Henri Langlois

Henri Langlois ( born November 13, 1914 in Smyrna, now Izmir, † January 13, 1977 in Paris ) was a film archivist and the founder and long-time director of the Cinémathèque Française.

Life and work

Henri Langlois was born the son of a French journalist in the Ottoman Empire, visited in his youth the Lycée Condorcet in Paris and suggested - without completing the school with the Baccalauréat - then a career as a journalist one. Already in his youth he had been interested in the art of film. This enthusiasm was expressed first of all from rare copies - especially movies with Charles Chaplin and Fritz Lang - to collect. After the Cercle du Cinema launched, he founded together with Georges Franju and Jean Mitry in 1935, based in the Paris Cinémathèque Française, a film archive, museum and theater.
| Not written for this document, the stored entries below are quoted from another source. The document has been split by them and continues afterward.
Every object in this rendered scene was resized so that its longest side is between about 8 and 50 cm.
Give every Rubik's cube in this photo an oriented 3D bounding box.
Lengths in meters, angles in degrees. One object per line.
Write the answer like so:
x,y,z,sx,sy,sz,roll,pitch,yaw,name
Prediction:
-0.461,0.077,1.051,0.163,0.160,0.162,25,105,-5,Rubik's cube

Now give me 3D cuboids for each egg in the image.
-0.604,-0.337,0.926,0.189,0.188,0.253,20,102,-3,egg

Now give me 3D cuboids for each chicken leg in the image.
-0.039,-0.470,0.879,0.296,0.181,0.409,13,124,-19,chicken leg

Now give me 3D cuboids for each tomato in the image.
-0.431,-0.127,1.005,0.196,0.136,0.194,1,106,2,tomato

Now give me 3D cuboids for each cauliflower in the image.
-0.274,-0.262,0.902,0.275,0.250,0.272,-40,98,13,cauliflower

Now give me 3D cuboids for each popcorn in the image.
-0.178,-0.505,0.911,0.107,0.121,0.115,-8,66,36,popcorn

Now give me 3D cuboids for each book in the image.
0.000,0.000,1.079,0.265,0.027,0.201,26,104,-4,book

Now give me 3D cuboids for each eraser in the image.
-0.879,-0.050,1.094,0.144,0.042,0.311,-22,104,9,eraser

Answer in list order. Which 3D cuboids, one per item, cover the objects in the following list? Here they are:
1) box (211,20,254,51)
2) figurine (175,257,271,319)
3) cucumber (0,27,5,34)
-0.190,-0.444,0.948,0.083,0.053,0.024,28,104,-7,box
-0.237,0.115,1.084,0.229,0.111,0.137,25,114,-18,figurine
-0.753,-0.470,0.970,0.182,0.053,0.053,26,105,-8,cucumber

Under the direction of Langlois and with the financial support of Paul -Auguste Harlé this facility to collect anything to get and to issue what was with film and cinema in connection began. In addition to film copies to cameras, projectors, posters, books, props and other things of importance in film history belonged. Langlois and his associates procured for film prints, inter alia, at flea markets; partly they were able to save footage from being made ​​into nail polish or shoe polish or in the case of silver nitrate copies to serve for the extraction of silver.
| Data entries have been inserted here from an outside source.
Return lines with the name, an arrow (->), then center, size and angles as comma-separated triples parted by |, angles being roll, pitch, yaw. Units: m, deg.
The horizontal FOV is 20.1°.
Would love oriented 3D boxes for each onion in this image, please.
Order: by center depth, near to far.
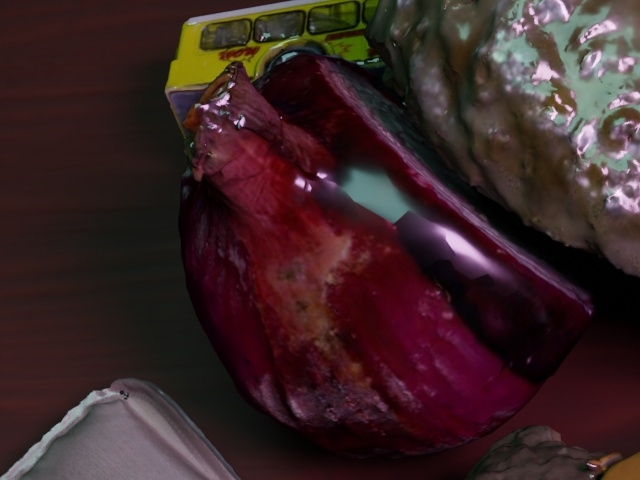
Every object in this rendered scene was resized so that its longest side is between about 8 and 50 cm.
onion -> 0.000, 0.000, 0.765 | 0.140, 0.218, 0.195 | -42, 54, 16

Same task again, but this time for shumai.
shumai -> 0.166, -0.095, 0.754 | 0.218, 0.256, 0.189 | -63, 10, 9

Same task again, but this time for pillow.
pillow -> -0.062, 0.153, 0.769 | 0.131, 0.038, 0.233 | -43, 52, -16

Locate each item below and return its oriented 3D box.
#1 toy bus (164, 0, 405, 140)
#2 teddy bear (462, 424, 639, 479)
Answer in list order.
toy bus -> 0.040, -0.081, 0.912 | 0.226, 0.081, 0.074 | -9, 45, 13
teddy bear -> 0.130, 0.133, 0.674 | 0.190, 0.140, 0.177 | -1, 54, 26

Under his leadership, the work of the Cinémathèque 'hands free' style was heavily influenced by Langlois '. Inventories, which would have been enough professional standards, there was not for long, because Langlois everything in his head. In addition, emphasis was not always placed on a proper storage. And even with the consequence that a number of film copies rotted or fell victim to a fire. Funky was also the management structure: Langlois let himself look by anyone in the cards and had his wife Mary Meerson, Lotte Eisner and Marie Epstein, the sister of director Jean Epstein, gathered as the inner circle around.
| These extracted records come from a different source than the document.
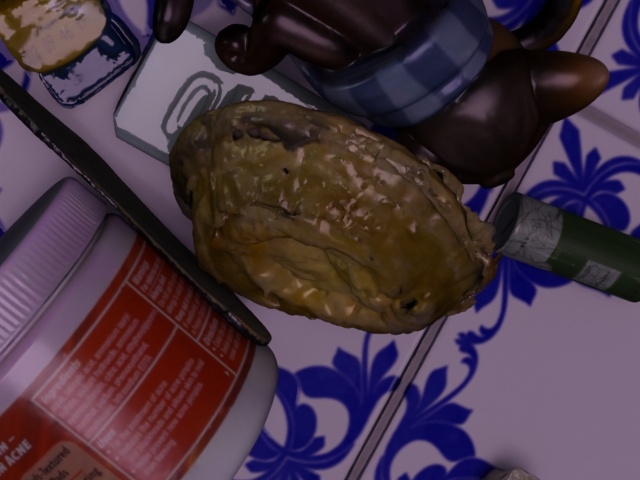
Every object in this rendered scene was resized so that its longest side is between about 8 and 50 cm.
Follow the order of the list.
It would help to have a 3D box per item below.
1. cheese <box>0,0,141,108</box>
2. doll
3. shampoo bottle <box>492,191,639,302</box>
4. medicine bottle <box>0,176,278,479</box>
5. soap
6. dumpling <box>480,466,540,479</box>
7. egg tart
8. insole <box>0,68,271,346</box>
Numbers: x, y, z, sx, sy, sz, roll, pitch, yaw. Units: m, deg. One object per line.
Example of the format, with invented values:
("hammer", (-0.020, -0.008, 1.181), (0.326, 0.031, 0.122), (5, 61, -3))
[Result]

The increasing importance of the Cinémathèque as "memory of cinema " did not harm these relationships but really. During the occupation of France by the German forces during World War II, for example, numerous films could be saved from the clutches of the occupiers. From the collections of old movies in addition went out (including François Truffaut, Jean -Luc Godard, Claude Chabrol and Alain Resnais ) a tremendous impact on the work of the directors of the Nouvelle Vague. Some of them were therefore referred to as les enfants de la cinémathèque ( Children of the Cinémathèque ).

Langlois ' idiosyncratic management style adopted by the then Minister of Culture, the writer André Malraux, in 1968 as an opportunity to underscore the government subsidies for the Cinémathèque. The aim of this action, namely the dismissal Langlois ', Malraux, however, could not reach it. Although the Cinémathèque has been closed for some time. With significant participation of Alain Resnais, Francois Truffaut, Jean -Pierre Léaud, Claude Jade, Jean -Luc Godard and other sizes of cinema, there were massive protests and even a brief interruption of the Film Festival of Cannes. Malraux was bound to eventually come around. This so-called " Langlois Affair " has been immortalized in several later films, as in the opening credits of Truffaut's Stolen Kisses and in Bertolucci's The Dreamers.

About Langlois ' life's work are the rotated in the 1970 documentary Henri Langlois information. In interviews manifest itself, inter alia, Ingrid Bergman, Lillian Gish, François Truffaut, Catherine Deneuve and Jeanne Moreau. For his life's work Langlois received an honorary Oscar in 1974.

Henri Langlois died on January 13, 1977 of heart failure and was buried at the Paris Montparnasse Cemetery. Posthumously, he was awarded in the same year with the prize of César.